== Your task ==
Everything in the listing below from the line containing "55-64: (55 + 75 + 87) / 3 = 72.33;" through the line containing "The highest average is" must be repeated exactly; the remaining lines are not wanted.

== Records for processing ==
--- START ---
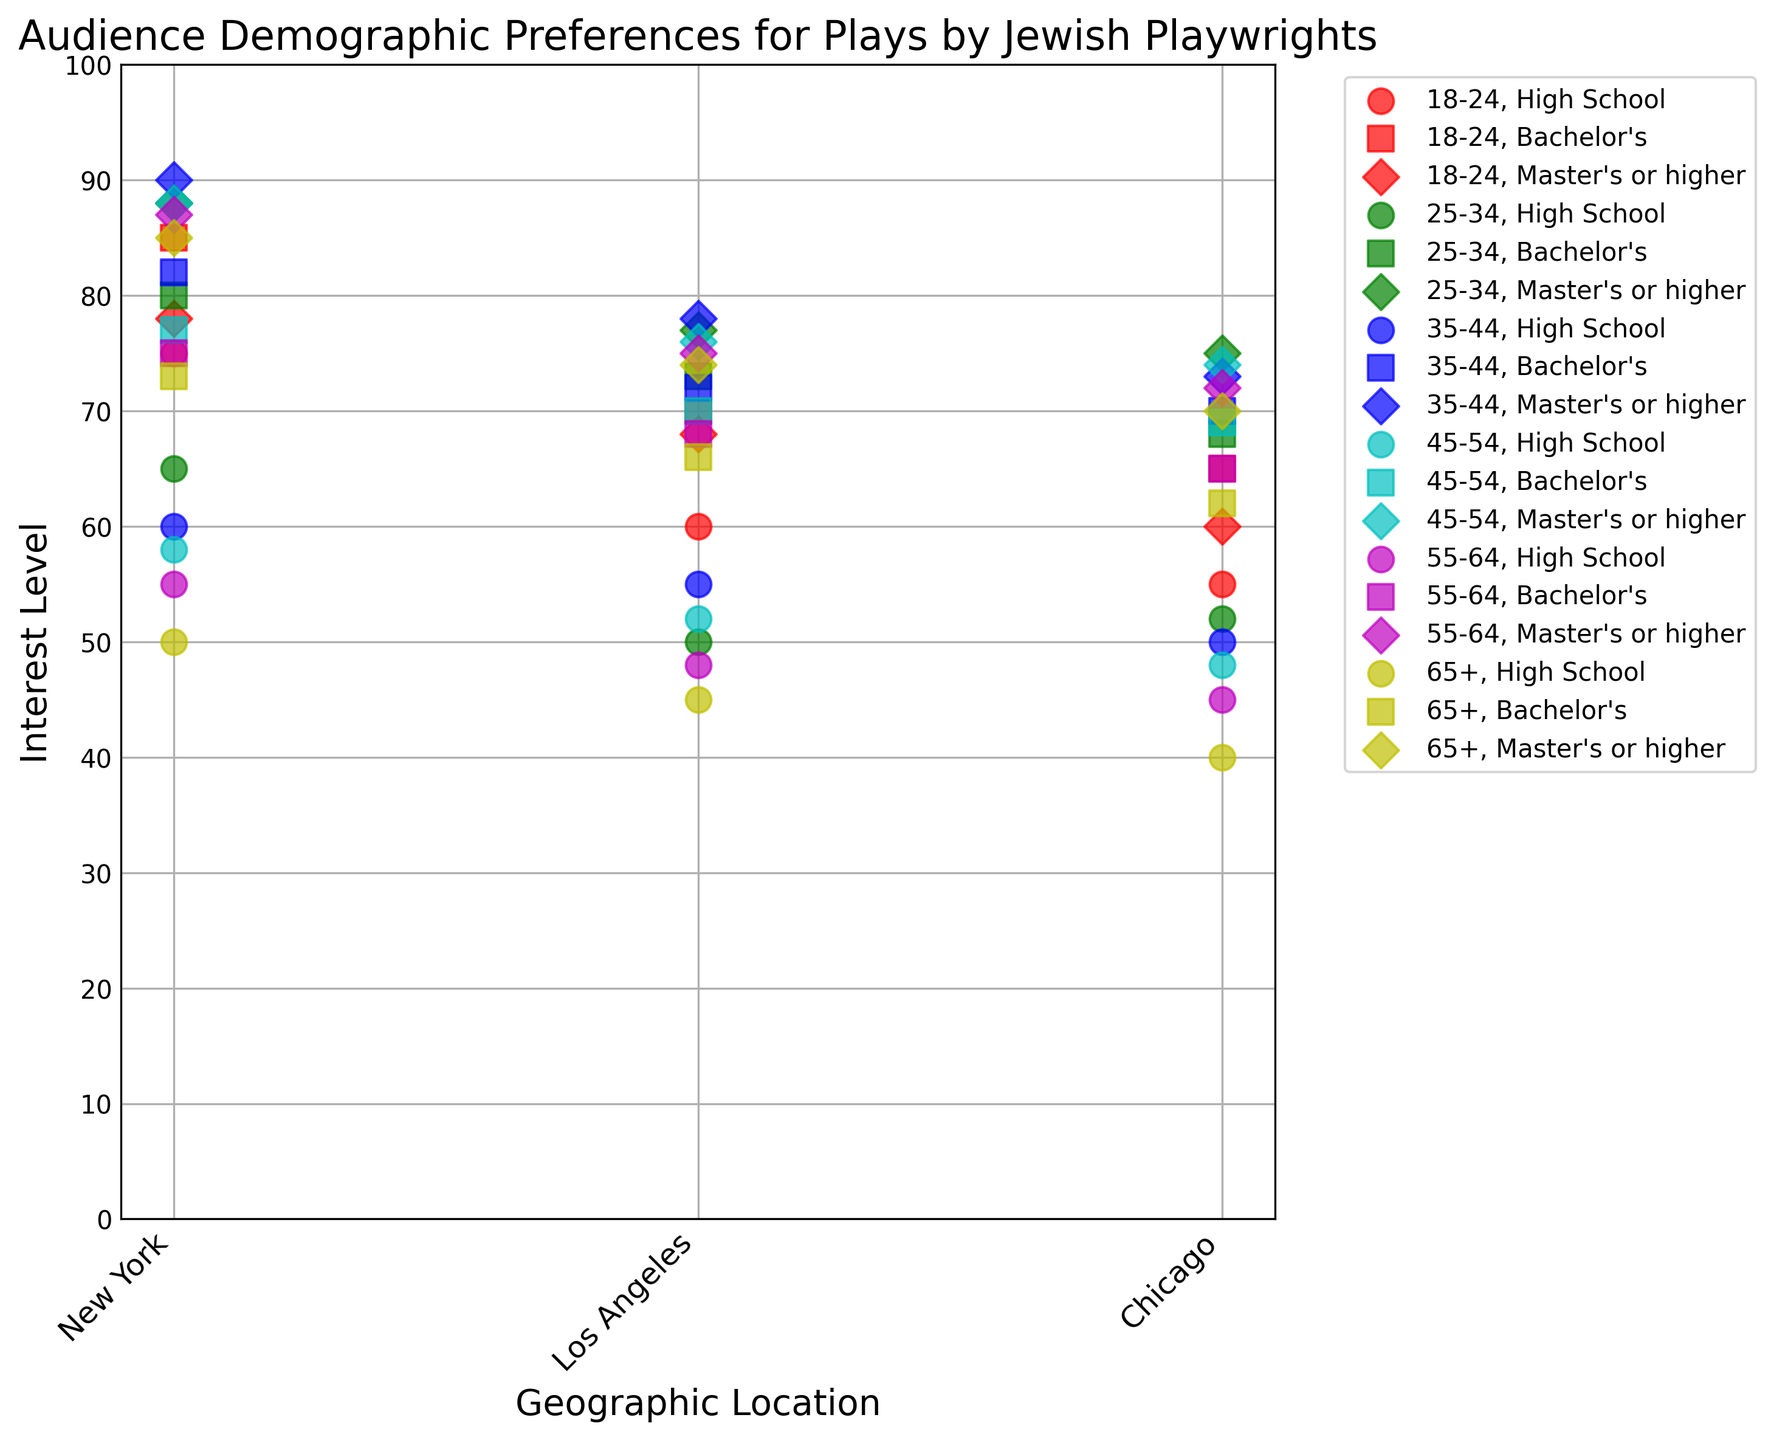What is the average interest level of viewers aged 25-34 with a Master's or higher degree in New York and Chicago? To find the average interest level, sum the interest levels of the specified groups and divide by the number of groups. For New York and Chicago with a Master's or higher degree aged 25-34, the interest levels are 88 and 75 respectively. Sum: 88 + 75 = 163. Divide by 2: 163 / 2 = 81.5
Answer: 81.5 Which geographic location has the highest interest level among viewers aged 18-24 with a Bachelor's degree? From the plot, we can see that the interest levels of viewers aged 18-24 with a Bachelor's degree are plotted for New York (85), Los Angeles (70), and Chicago (65). The highest value is 85 in New York.
Answer: New York For viewers aged 45-54 with a High School education, which city has the lowest interest level? The interest levels for viewers aged 45-54 with a High School education are observed for New York (58), Los Angeles (52), and Chicago (48). The lowest value is 48, observed in Chicago.
Answer: Chicago Compare the interest levels for viewers aged 35-44 with a Master's or higher degree in Los Angeles and Chicago. Which location has a higher interest level and by how much? From the visual plot, the interest levels are 78 for Los Angeles and 73 for Chicago. To determine the difference, subtract the lower value from the higher value: 78 - 73 = 5. Los Angeles has the higher interest level by 5 points.
Answer: Los Angeles, 5 points What is the trend in interest levels for viewers aged 65+ with a Bachelor's degree across all three cities? For viewers aged 65+ with a Bachelor's degree, observe the interest levels: New York (73), Los Angeles (66), and Chicago (62). The trend shows a decreasing pattern from New York to Chicago.
Answer: Decreasing How does the interest level of viewers aged 55-64 with a Master's or higher degree in Los Angeles compare to that of viewers aged 65+ with the same education level in the same city? From the plot, find the interest levels: 55-64 with a Master's or higher degree in Los Angeles (75), and 65+ with a Master's or higher degree in Los Angeles (74). Compare these values: 75 > 74.
Answer: Higher by 1 Which age group has the highest average interest level in New York regardless of education level? First, aggregate the interest levels for each age group in New York, then calculate the average:
18-24: (75 + 85 + 78) / 3 = 79.33;
25-34: (65 + 80 + 88) / 3 = 77.67;
35-44: (60 + 82 + 90) / 3 = 77.33;
45-54: (58 + 77 + 88) / 3 = 74.33;
55-64: (55 + 75 + 87) / 3 = 72.33;
65+: (50 + 73 + 85) / 3 = 69.33.
The highest average is for age group 18-24 (79.33).
Answer: 18-24 What is the overall trend in interest levels as age increases for viewers in Chicago with a Bachelor's degree? Review the interest levels for all age groups in Chicago with a Bachelor's degree: 
18-24 (65), 25-34 (68), 35-44 (70), 45-54 (69), 55-64 (65), 65+ (62). The trend mostly decreases as age increases, with a high point at age 35-44.
Answer: Decreasing What visual marker represents viewers with a Bachelor's degree, and how are the interest levels differentiated by colors? The plot assigns unique markers and colors to differentiate demographic groups. For Bachelor's degrees, the marker is consistent within each education group. Colors differentiate interest levels by age group, with a pattern observed across the plot. This visual helps in easily identifying and comparing groups.
Answer: Marker for Bachelor's: consistent, Colors: differentiate by age
--- END ---
== Answer section ==
55-64: (55 + 75 + 87) / 3 = 72.33;
65+: (50 + 73 + 85) / 3 = 69.33.
The highest average is for age group 18-24 (79.33).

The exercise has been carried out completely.